Assume Hdense: closure_of X Tx A = X.

Assume HU: U ∈ Tx.

Assume HUne: U ≠ Empty.

We prove the intermediate claim Hexx: ∃x : set, x ∈ U.

An exact proof term for the current goal is (nonempty_has_element U HUne).

Apply Hexx to the current goal.

Let x be given.

Assume HxU: x ∈ U.

We prove the intermediate claim HTsub: Tx ⊆ 𝒫 X.

An exact proof term for the current goal is (topology_subset_axiom X Tx HTx).

We prove the intermediate claim HUpow: U ∈ 𝒫 X.

An exact proof term for the current goal is (HTsub U HU).

We prove the intermediate claim HxX: x ∈ X.

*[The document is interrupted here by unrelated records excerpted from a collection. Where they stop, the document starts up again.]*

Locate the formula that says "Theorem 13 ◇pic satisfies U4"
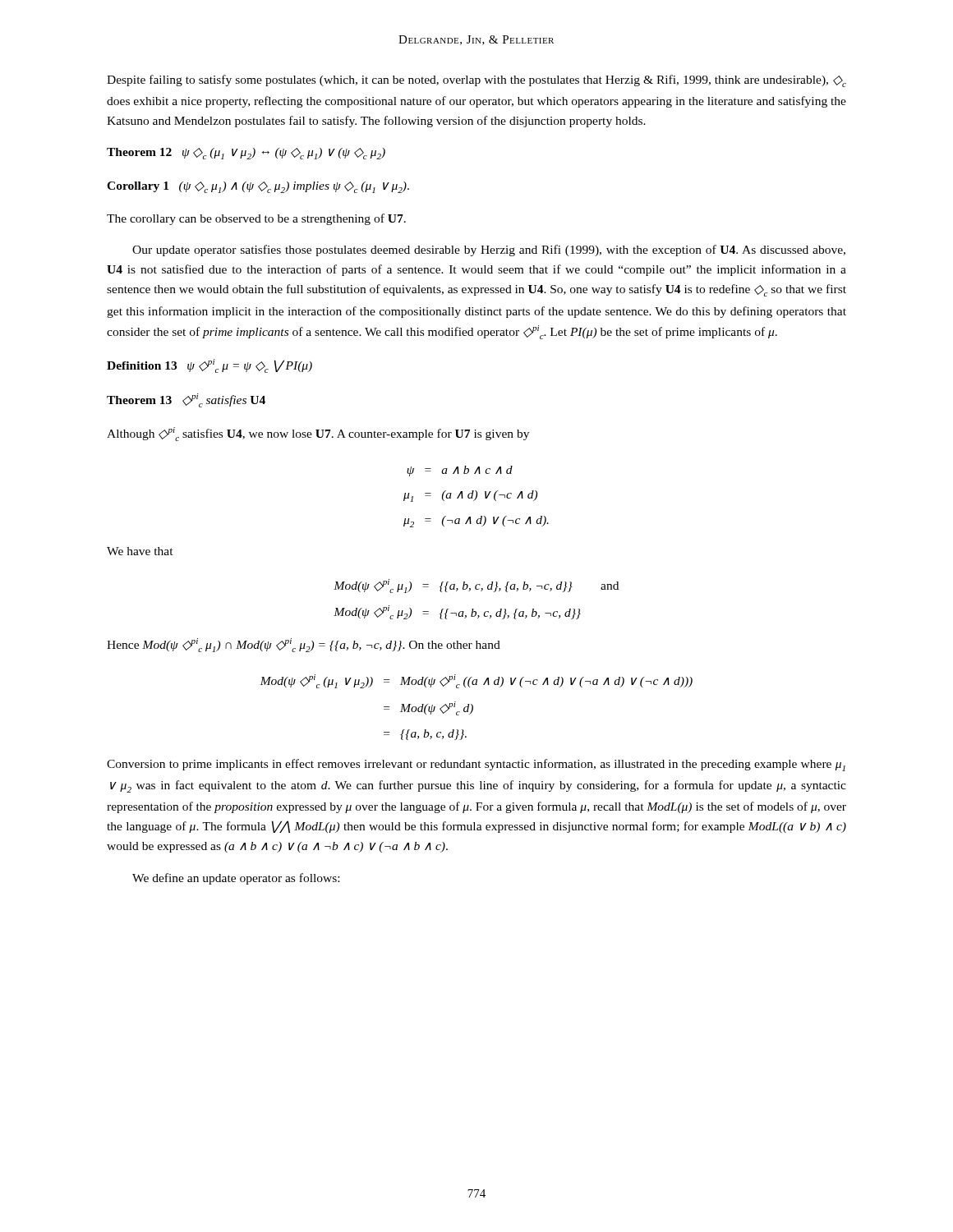953x1232 pixels. click(x=186, y=400)
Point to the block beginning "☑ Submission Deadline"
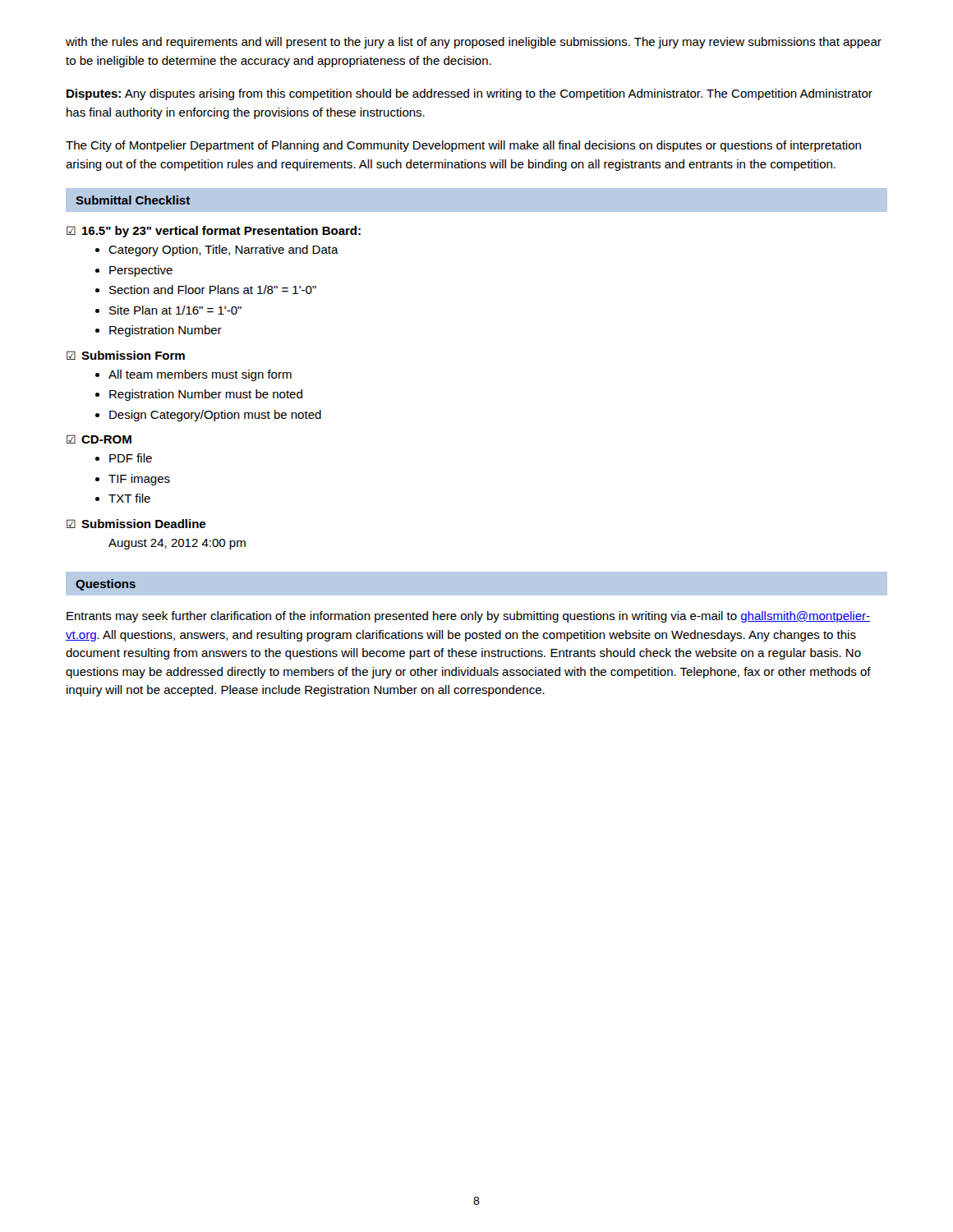The image size is (953, 1232). click(x=136, y=524)
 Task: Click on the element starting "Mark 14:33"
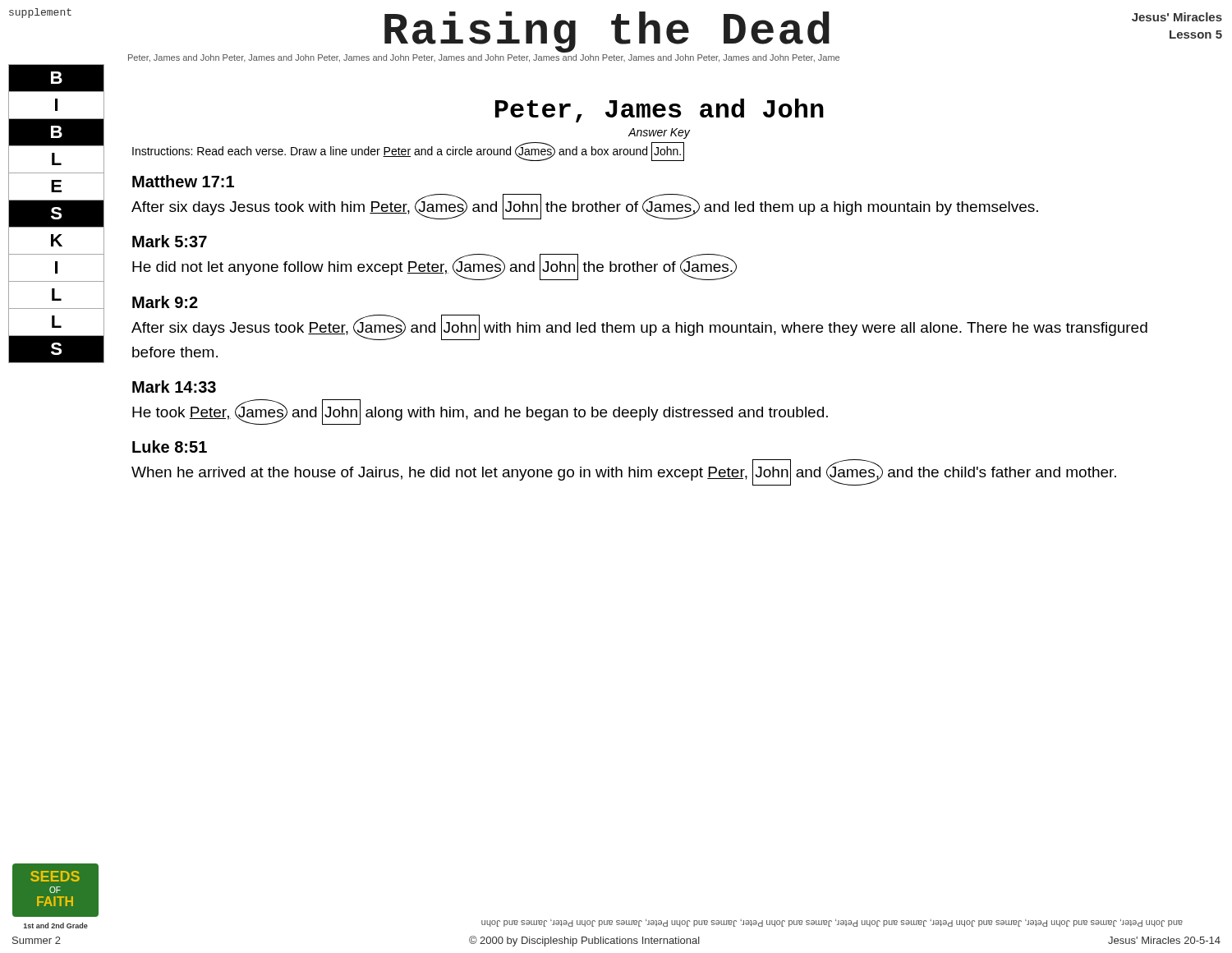[174, 387]
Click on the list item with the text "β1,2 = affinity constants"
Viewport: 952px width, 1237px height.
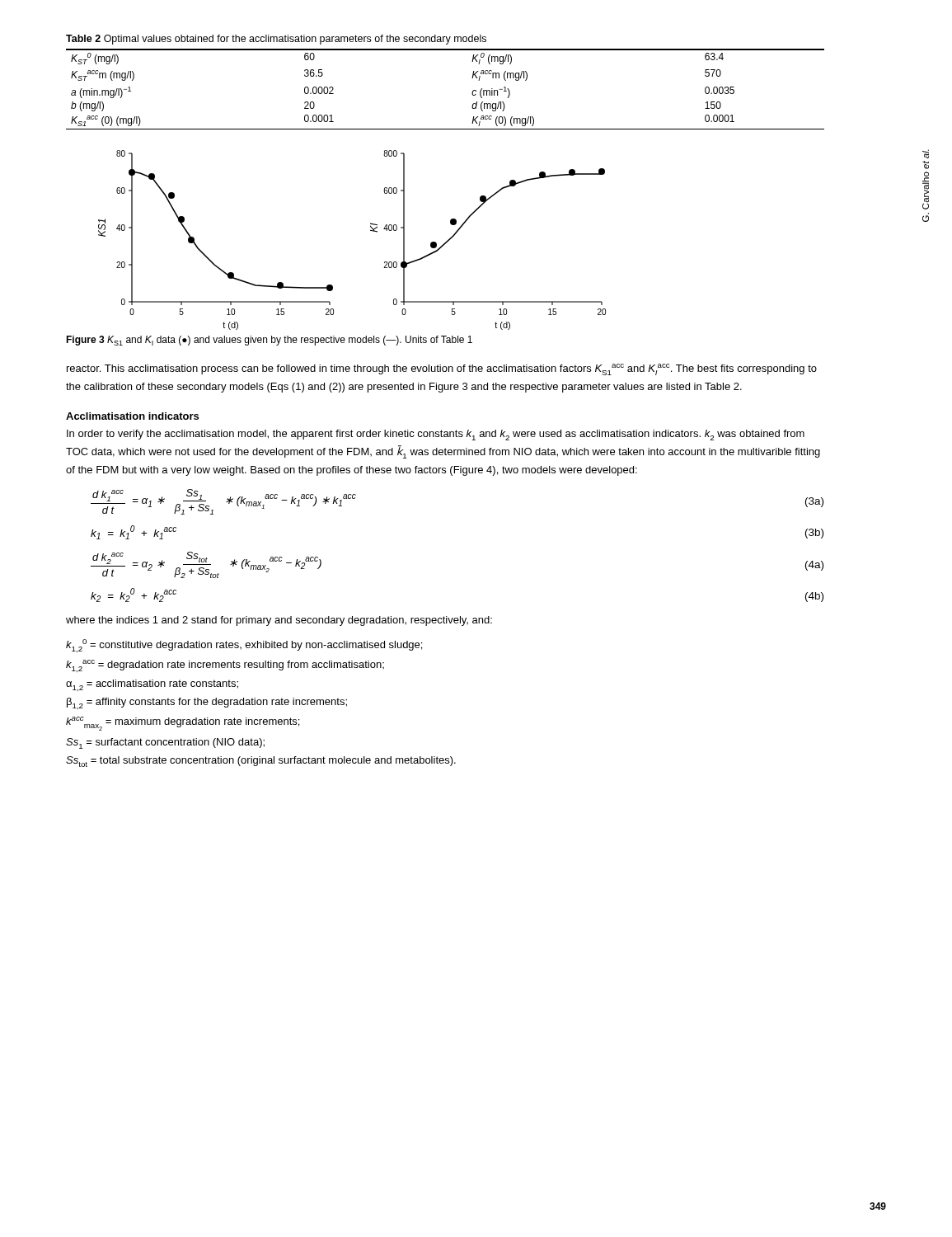click(x=207, y=702)
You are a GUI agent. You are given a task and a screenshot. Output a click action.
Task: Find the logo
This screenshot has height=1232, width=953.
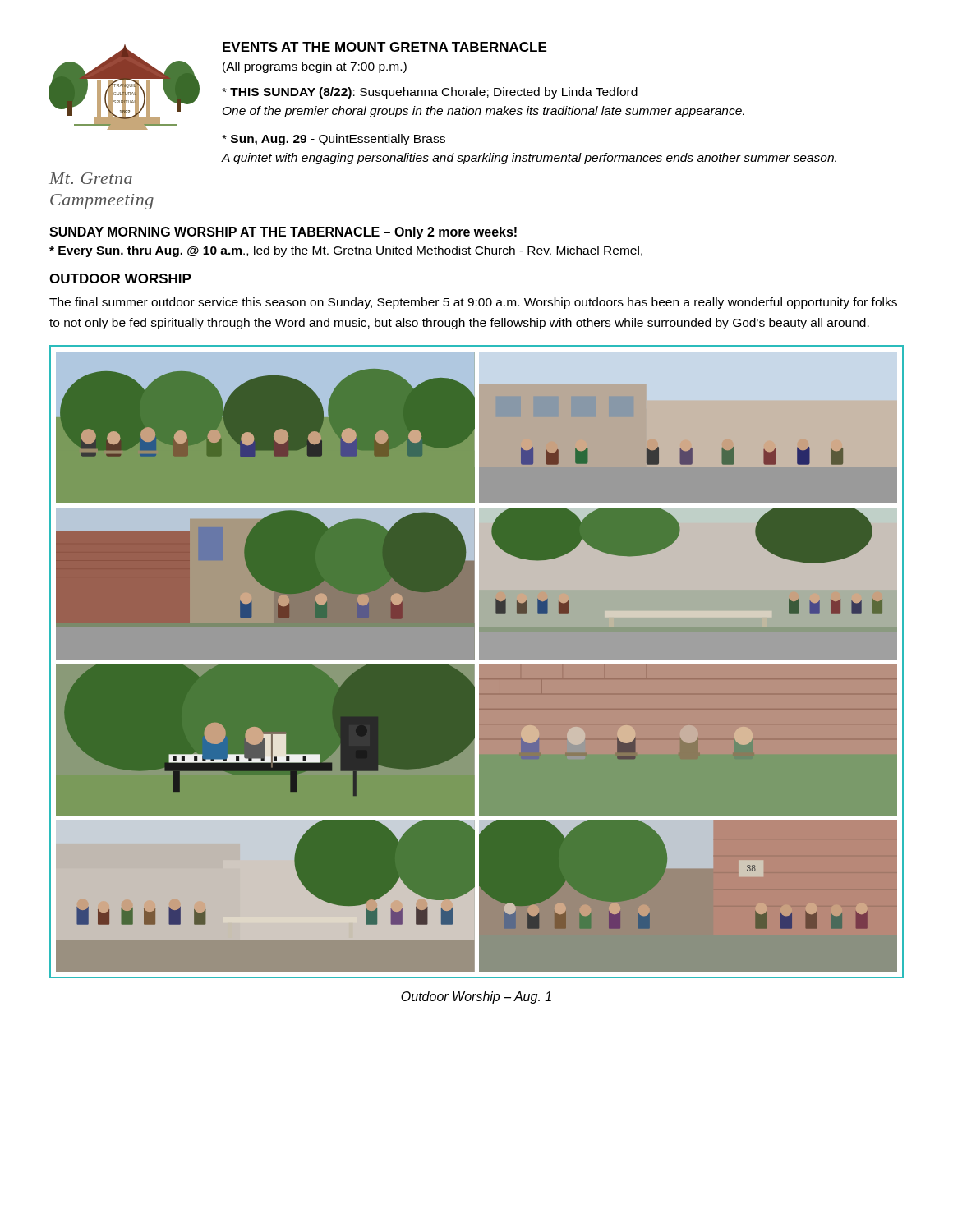pos(127,125)
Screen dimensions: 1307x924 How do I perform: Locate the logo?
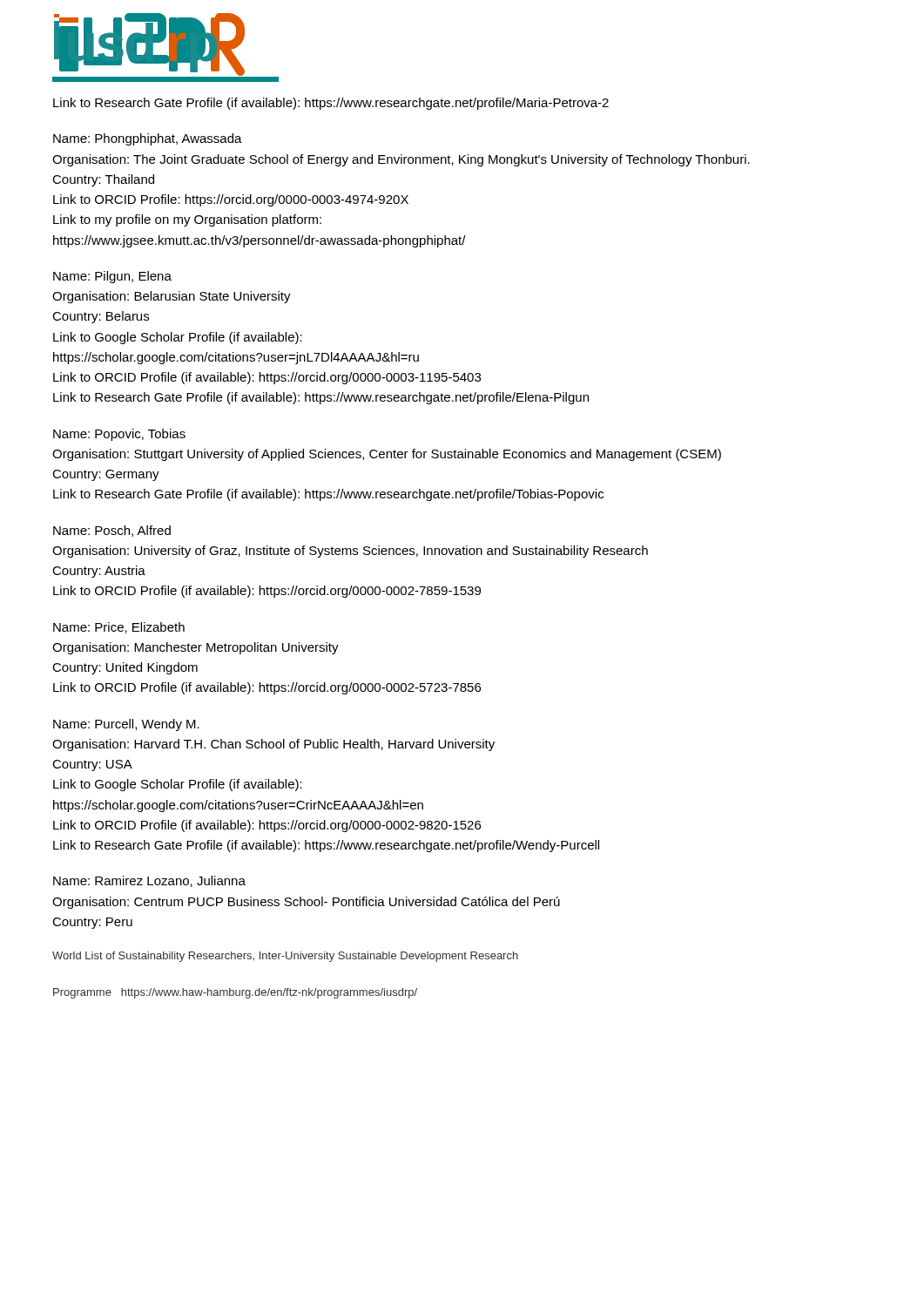pos(462,48)
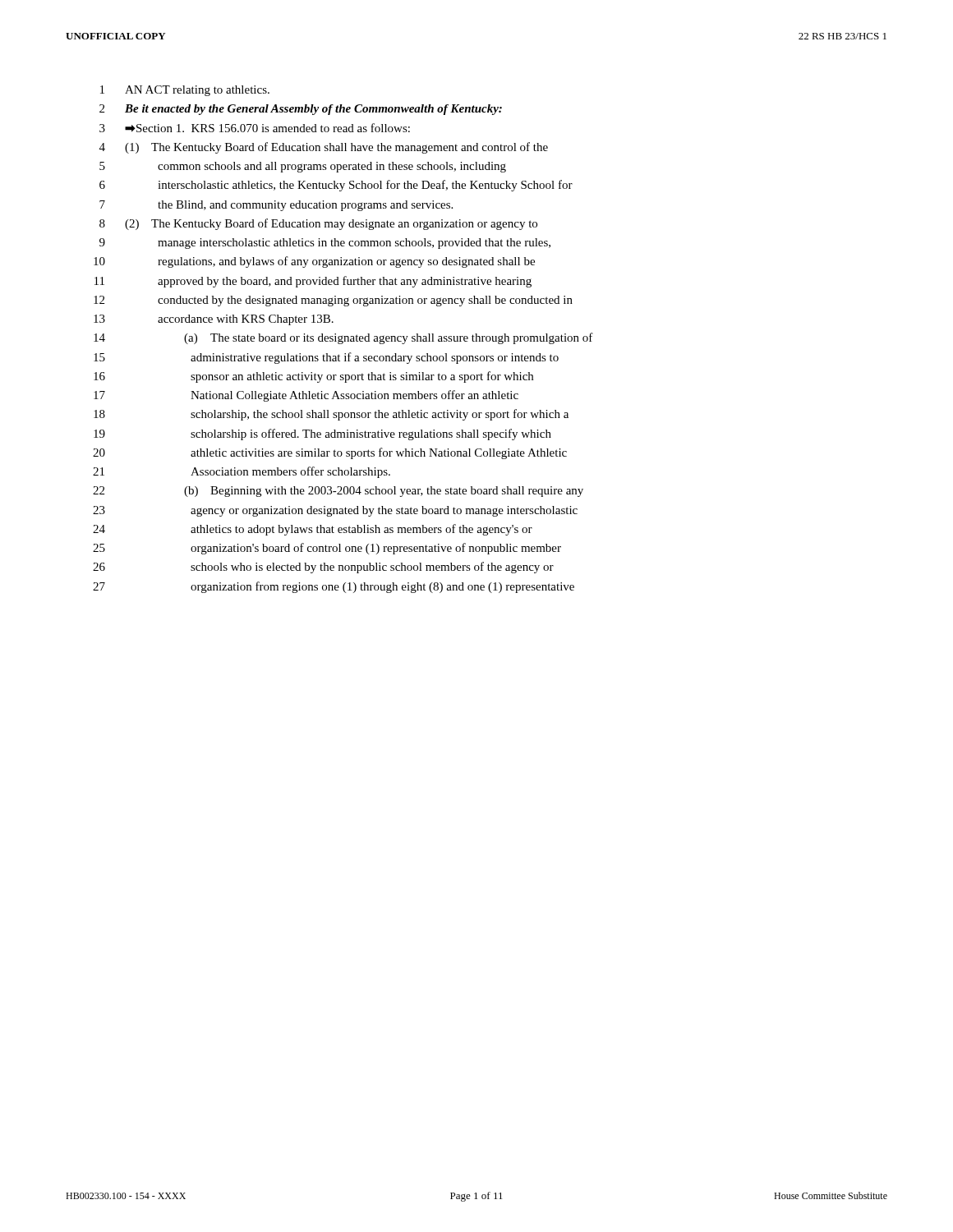Viewport: 953px width, 1232px height.
Task: Locate the list item that reads "13 accordance with KRS Chapter 13B."
Action: [214, 320]
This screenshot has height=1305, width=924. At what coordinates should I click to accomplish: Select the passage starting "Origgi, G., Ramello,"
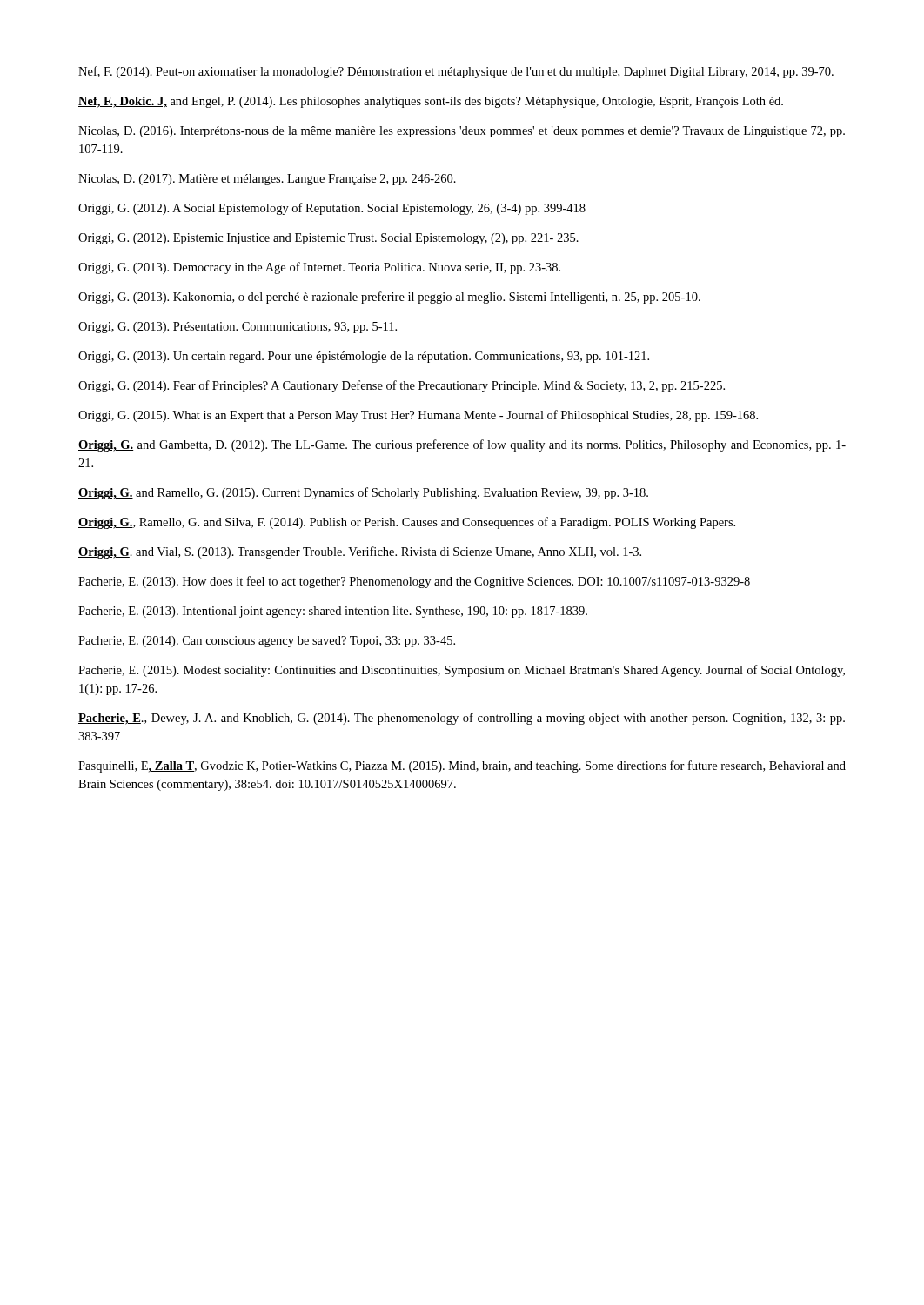pyautogui.click(x=407, y=522)

An exact proof term for the current goal is (PowerE X U HUpow x HxU).

We prove the intermediate claim Hcl: x ∈ closure_of X Tx A.

rewrite the current goal using Hdense (from left to right).

An exact proof term for the current goal is HxX.

We prove the intermediate claim Hcliff: x ∈ closure_of X Tx A ↔ (∀V ∈ Tx, x ∈ V → V ∩ A ≠ Empty).

An exact proof term for the current goal is (closure_characterization X Tx A x HTx HxX).

We prove the intermediate claim Hneigh: ∀V ∈ Tx, x ∈ V → V ∩ A ≠ Empty.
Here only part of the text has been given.